One end of the temperature control pipeline 28 is connected with the water supply pipeline 5, and the other end is connected with a water inlet pipe 121 of the circulating water mixing device 12. The temperature control pipeline 28 is provided with an electric regulating valve 6, an isolation valve 7 and a branch flowmeter 8. The electric control valve 6 is controlled by a centralized control system 16, and a flow signal of the branch pipe flowmeter 8 is connected to the centralized control system 16 to monitor the opening degree of the electric control valve 6.
One end of the water inlet branch pipe 30 of the hydraulic dynamometer is connected with the water supply pipeline 5, and the other end of the water inlet branch pipe is connected with a water inlet of the hydraulic dynamometer 32 in the hydrogen combustion engine test.
One end of the water outlet branch pipe 31 of the hydraulic dynamometer is connected with the water inlet of the reuse water tank 10, and the other end of the water outlet branch pipe is used for being connected with the water outlet of the hydraulic dynamometer 32 in the hydrogen combustion engine test.
The water outlet of the recycling water tank 10 is connected with a water inlet pipe 121 of the circulating water mixing device 12 through a recycling branch pipe 29. The recycling water pumps 11 are arranged on the recycling branch pipes 29, the recycling water pumps 11 are provided with two sets, 1 is used as a device, the device is driven by frequency conversion, cooling water of the hydraulic dynamometer 32 is recycled and is conveyed to the cooling tower 1 again for cooling and recycling.
One end of the water return pipeline 13 is connected with a water outlet pipe 123 of the circulating water mixing device 12, and the other end is connected with a water inlet of the cooling tower 1.
A total return pipe flowmeter 14 and a total return pipe thermometer 15 are installed on the return pipe 13.
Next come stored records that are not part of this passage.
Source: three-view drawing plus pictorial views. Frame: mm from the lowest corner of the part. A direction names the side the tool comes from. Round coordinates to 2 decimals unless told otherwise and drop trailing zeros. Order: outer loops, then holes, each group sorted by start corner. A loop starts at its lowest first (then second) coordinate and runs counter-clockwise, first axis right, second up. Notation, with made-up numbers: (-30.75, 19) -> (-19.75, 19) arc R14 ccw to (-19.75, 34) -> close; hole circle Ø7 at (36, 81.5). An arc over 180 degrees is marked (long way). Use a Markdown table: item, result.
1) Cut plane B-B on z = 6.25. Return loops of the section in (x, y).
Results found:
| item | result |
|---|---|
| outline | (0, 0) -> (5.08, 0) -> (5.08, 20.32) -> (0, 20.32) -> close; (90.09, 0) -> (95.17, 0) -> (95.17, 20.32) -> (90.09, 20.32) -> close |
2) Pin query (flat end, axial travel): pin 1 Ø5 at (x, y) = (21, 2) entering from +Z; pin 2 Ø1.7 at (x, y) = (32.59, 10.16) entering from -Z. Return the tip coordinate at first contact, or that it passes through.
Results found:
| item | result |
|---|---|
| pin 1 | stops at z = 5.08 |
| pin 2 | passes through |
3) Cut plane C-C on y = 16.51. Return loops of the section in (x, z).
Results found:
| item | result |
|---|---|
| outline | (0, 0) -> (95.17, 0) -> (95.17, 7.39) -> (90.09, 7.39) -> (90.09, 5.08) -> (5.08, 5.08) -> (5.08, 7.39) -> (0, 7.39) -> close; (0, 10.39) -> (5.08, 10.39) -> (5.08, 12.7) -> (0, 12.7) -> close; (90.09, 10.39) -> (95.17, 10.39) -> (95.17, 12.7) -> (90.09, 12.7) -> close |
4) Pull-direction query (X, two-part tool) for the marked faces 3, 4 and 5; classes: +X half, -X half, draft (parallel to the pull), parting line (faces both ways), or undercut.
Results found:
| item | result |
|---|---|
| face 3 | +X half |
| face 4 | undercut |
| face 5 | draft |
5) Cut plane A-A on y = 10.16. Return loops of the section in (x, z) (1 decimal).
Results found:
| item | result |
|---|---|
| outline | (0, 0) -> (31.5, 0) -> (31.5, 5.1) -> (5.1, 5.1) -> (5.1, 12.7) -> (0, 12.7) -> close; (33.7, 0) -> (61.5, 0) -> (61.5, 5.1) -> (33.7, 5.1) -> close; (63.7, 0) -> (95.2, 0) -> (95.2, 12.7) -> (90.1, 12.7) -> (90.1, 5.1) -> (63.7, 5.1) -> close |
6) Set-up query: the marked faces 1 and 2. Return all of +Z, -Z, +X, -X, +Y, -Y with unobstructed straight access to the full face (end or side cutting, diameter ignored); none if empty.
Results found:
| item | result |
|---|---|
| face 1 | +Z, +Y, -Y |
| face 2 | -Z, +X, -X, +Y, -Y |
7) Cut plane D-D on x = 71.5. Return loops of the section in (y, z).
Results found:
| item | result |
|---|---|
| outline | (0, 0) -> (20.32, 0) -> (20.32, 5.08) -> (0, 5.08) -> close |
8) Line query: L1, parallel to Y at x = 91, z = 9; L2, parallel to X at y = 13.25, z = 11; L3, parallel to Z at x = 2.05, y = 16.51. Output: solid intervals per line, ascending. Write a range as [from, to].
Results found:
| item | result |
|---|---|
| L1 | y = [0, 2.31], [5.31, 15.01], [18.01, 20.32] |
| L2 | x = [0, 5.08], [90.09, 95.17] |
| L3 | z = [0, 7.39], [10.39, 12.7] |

The centralized control system 16 is connected with the cooling tower 1, the circulating water pump 4, the electric regulating valve 6, the branch pipe flowmeter 8, the secondary booster pump 9, the reuse water pump 11, the total return pipe flowmeter 14 and the total return pipe thermometer 15.
A circulating cooling water supply system for a hydrogen combustion engine test and an operation method thereof comprise the following steps:
(1) the combustor test bed water inlet branch pipe 17 is connected with a water inlet of a combustor test bed measuring section jacket 24 and a water inlet of a combustor test bed 25 in a hydrogen combustion engine test; the air compressor intercooler water inlet branch pipe 18 is connected with a water inlet of an air compressor intercooler 26 in a hydrogen combustion engine test; the lubricating oil cooler water inlet branch pipe 19 is connected with a water inlet of a lubricating oil cooler 27 in a hydrogen combustion engine test; the water inlet branch pipe 30 of the hydraulic dynamometer is connected with the water inlet of a hydraulic dynamometer 32 in a hydrogen combustion engine test;
the water outlet branch pipe 20 of the jacket at the measuring section of the burner test bed is connected with the water outlet of the jacket at the measuring section of the burner test bed; the water outlet branch pipe 21 of the burner test bed is connected with the water outlet of the burner test bed 25; the air compressor intercooler water outlet branch pipe 22 is connected with the water outlet of the air compressor intercooler 26; the lubricating oil cooler water outlet branch pipe 23 is connected with a water outlet of the lubricating oil cooler 27; the water outlet branch pipe 31 of the hydraulic dynamometer is connected with a water outlet of the hydraulic dynamometer 32.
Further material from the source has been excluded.